[[ RAW DATA open ]]

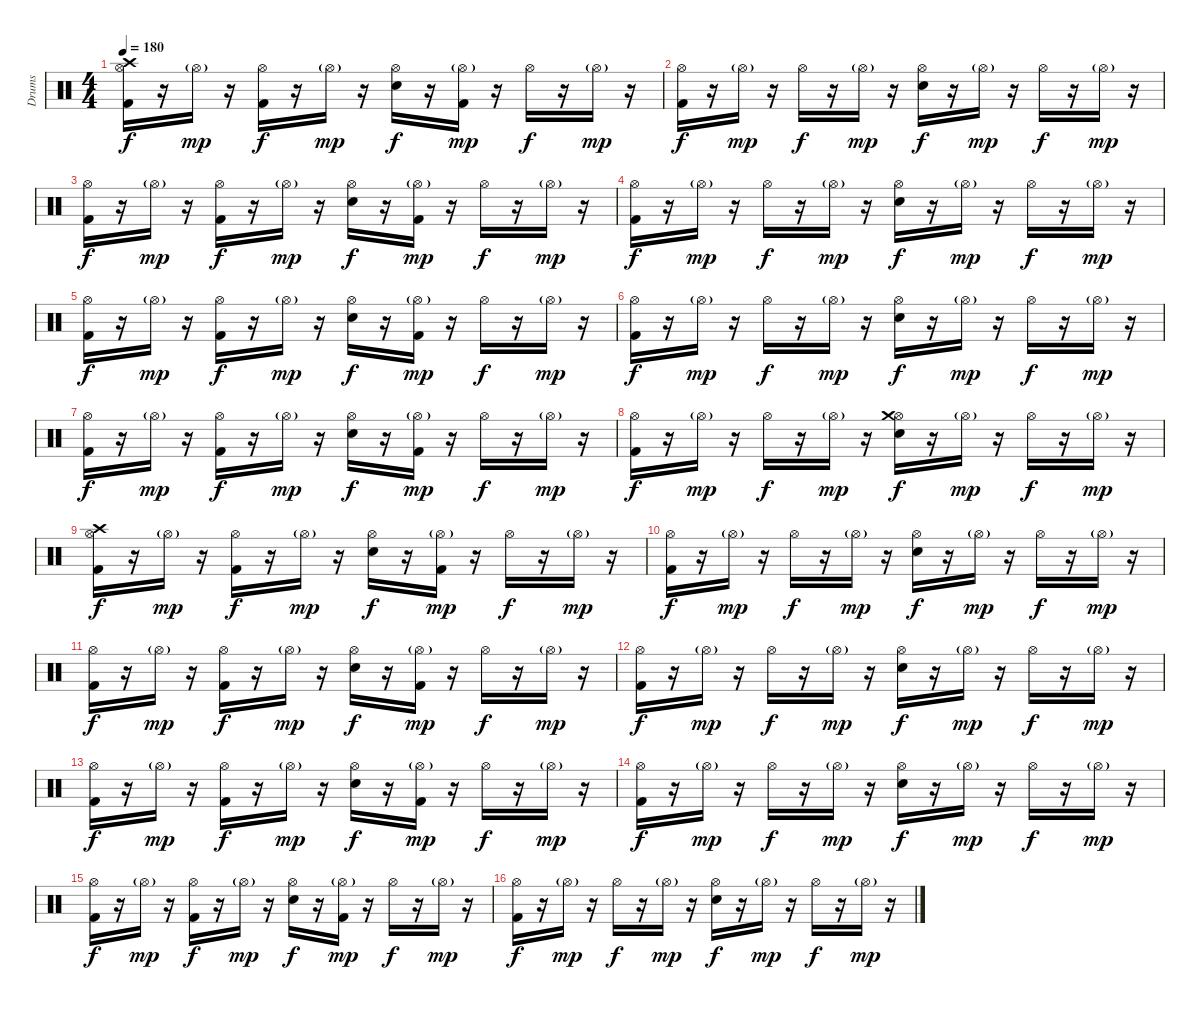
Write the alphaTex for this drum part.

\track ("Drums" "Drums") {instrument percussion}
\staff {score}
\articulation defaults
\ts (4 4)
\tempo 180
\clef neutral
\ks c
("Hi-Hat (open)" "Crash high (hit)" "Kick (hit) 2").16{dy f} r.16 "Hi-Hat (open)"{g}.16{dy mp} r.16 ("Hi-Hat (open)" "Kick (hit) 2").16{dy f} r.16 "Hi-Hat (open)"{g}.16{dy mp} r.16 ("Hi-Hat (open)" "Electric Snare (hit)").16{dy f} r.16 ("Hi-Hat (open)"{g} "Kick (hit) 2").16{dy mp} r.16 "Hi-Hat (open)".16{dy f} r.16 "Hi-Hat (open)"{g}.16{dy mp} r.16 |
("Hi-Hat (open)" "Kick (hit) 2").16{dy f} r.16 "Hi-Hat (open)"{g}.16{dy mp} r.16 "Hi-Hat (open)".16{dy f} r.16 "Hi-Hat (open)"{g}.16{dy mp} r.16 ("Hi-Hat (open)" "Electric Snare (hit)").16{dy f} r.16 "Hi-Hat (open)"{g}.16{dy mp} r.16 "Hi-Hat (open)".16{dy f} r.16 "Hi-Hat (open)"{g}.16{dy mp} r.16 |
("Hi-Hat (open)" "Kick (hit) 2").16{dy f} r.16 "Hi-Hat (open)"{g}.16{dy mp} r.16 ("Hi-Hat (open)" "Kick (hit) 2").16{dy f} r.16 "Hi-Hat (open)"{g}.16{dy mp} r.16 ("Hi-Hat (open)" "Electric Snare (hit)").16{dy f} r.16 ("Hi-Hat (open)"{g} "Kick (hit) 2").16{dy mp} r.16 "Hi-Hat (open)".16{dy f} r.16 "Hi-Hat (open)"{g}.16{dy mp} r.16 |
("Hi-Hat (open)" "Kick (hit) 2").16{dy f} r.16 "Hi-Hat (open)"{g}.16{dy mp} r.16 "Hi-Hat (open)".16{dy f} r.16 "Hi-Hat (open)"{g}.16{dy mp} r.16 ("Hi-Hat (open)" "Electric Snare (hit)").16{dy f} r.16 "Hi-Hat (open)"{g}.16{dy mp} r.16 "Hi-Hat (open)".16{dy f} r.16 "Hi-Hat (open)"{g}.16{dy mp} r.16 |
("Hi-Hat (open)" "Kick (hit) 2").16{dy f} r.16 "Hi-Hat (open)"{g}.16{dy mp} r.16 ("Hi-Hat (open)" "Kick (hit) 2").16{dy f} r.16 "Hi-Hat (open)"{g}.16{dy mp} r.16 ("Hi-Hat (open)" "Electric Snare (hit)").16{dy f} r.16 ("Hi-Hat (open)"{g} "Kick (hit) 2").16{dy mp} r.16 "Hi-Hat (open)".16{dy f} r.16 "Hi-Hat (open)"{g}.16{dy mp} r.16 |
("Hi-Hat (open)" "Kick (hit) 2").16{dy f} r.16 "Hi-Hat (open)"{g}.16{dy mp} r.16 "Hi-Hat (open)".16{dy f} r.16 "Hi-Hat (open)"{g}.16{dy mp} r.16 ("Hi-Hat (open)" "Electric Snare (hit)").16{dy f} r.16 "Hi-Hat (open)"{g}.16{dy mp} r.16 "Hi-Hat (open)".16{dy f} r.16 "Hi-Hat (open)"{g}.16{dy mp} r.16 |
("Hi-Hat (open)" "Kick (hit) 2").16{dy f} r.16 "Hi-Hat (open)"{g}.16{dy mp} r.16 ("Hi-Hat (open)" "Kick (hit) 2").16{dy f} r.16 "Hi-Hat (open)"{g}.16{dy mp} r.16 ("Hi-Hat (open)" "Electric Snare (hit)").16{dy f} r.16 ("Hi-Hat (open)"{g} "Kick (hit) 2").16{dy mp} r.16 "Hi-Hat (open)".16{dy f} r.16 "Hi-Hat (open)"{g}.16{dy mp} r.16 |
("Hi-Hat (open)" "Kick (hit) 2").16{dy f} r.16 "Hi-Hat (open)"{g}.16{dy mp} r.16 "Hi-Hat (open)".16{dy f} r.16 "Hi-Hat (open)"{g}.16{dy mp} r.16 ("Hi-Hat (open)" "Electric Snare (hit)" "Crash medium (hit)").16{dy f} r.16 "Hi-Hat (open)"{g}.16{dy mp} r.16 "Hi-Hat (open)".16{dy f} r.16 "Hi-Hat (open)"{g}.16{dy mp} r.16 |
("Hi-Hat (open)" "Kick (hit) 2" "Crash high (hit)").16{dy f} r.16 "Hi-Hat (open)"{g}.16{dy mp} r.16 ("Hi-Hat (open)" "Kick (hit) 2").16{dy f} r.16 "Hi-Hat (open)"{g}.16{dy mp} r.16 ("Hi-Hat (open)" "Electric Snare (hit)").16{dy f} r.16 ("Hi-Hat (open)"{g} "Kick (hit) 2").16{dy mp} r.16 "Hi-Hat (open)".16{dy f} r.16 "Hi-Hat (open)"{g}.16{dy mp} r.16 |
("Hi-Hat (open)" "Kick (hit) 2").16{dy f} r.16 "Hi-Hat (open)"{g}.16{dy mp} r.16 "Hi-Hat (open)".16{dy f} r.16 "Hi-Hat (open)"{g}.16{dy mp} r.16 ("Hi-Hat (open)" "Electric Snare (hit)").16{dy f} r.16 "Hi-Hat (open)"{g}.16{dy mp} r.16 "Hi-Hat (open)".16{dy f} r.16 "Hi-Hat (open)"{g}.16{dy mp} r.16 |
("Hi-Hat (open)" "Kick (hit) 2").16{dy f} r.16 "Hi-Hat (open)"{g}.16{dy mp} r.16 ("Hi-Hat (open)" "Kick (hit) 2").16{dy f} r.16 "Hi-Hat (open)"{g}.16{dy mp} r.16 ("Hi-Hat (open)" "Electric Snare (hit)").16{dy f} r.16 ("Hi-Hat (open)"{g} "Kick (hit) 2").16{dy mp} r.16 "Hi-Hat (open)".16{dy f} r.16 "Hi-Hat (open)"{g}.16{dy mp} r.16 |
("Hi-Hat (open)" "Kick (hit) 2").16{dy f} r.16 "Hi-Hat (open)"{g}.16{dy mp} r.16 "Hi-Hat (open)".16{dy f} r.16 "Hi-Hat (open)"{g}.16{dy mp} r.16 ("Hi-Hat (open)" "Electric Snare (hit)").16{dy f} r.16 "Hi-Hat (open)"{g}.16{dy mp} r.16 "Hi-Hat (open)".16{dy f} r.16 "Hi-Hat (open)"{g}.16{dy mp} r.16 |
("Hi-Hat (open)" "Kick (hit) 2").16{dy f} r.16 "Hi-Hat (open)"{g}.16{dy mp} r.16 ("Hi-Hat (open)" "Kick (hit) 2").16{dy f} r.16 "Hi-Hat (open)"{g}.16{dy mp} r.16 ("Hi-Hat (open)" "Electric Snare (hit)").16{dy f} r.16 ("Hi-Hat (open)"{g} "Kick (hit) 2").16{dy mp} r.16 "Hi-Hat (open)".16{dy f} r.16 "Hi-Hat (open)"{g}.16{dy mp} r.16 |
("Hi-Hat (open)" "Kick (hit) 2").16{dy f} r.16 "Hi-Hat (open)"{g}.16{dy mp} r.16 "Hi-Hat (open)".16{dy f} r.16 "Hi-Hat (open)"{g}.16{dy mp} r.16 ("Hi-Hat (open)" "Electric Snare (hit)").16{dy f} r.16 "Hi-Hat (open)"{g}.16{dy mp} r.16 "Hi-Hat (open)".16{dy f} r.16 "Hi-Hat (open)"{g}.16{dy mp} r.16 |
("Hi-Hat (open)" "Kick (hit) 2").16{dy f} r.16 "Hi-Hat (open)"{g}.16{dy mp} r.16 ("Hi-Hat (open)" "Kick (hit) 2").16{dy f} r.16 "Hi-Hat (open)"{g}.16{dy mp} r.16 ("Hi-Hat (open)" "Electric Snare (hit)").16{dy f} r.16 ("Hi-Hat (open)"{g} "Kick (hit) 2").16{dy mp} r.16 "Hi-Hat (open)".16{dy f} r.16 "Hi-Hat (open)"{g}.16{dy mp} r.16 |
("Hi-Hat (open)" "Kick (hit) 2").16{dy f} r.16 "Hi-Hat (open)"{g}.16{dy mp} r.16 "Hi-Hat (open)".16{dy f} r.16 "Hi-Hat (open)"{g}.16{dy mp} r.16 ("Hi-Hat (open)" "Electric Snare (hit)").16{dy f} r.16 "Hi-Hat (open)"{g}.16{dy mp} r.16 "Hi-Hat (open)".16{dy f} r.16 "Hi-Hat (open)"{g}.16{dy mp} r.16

[[ RAW DATA closed ]]

Select all lines in the listing above where the word "Crash" appears, and show them.

§ REPLY
("Hi-Hat (open)" "Crash high (hit)" "Kick (hit) 2").16{dy f} r.16 "Hi-Hat (open)"{g}.16{dy mp} r.16 ("Hi-Hat (open)" "Kick (hit) 2").16{dy f} r.16 "Hi-Hat (open)"{g}.16{dy mp} r.16 ("Hi-Hat (open)" "Electric Snare (hit)").16{dy f} r.16 ("Hi-Hat (open)"{g} "Kick (hit) 2").16{dy mp} r.16 "Hi-Hat (open)".16{dy f} r.16 "Hi-Hat (open)"{g}.16{dy mp} r.16 |
("Hi-Hat (open)" "Kick (hit) 2").16{dy f} r.16 "Hi-Hat (open)"{g}.16{dy mp} r.16 "Hi-Hat (open)".16{dy f} r.16 "Hi-Hat (open)"{g}.16{dy mp} r.16 ("Hi-Hat (open)" "Electric Snare (hit)" "Crash medium (hit)").16{dy f} r.16 "Hi-Hat (open)"{g}.16{dy mp} r.16 "Hi-Hat (open)".16{dy f} r.16 "Hi-Hat (open)"{g}.16{dy mp} r.16 |
("Hi-Hat (open)" "Kick (hit) 2" "Crash high (hit)").16{dy f} r.16 "Hi-Hat (open)"{g}.16{dy mp} r.16 ("Hi-Hat (open)" "Kick (hit) 2").16{dy f} r.16 "Hi-Hat (open)"{g}.16{dy mp} r.16 ("Hi-Hat (open)" "Electric Snare (hit)").16{dy f} r.16 ("Hi-Hat (open)"{g} "Kick (hit) 2").16{dy mp} r.16 "Hi-Hat (open)".16{dy f} r.16 "Hi-Hat (open)"{g}.16{dy mp} r.16 |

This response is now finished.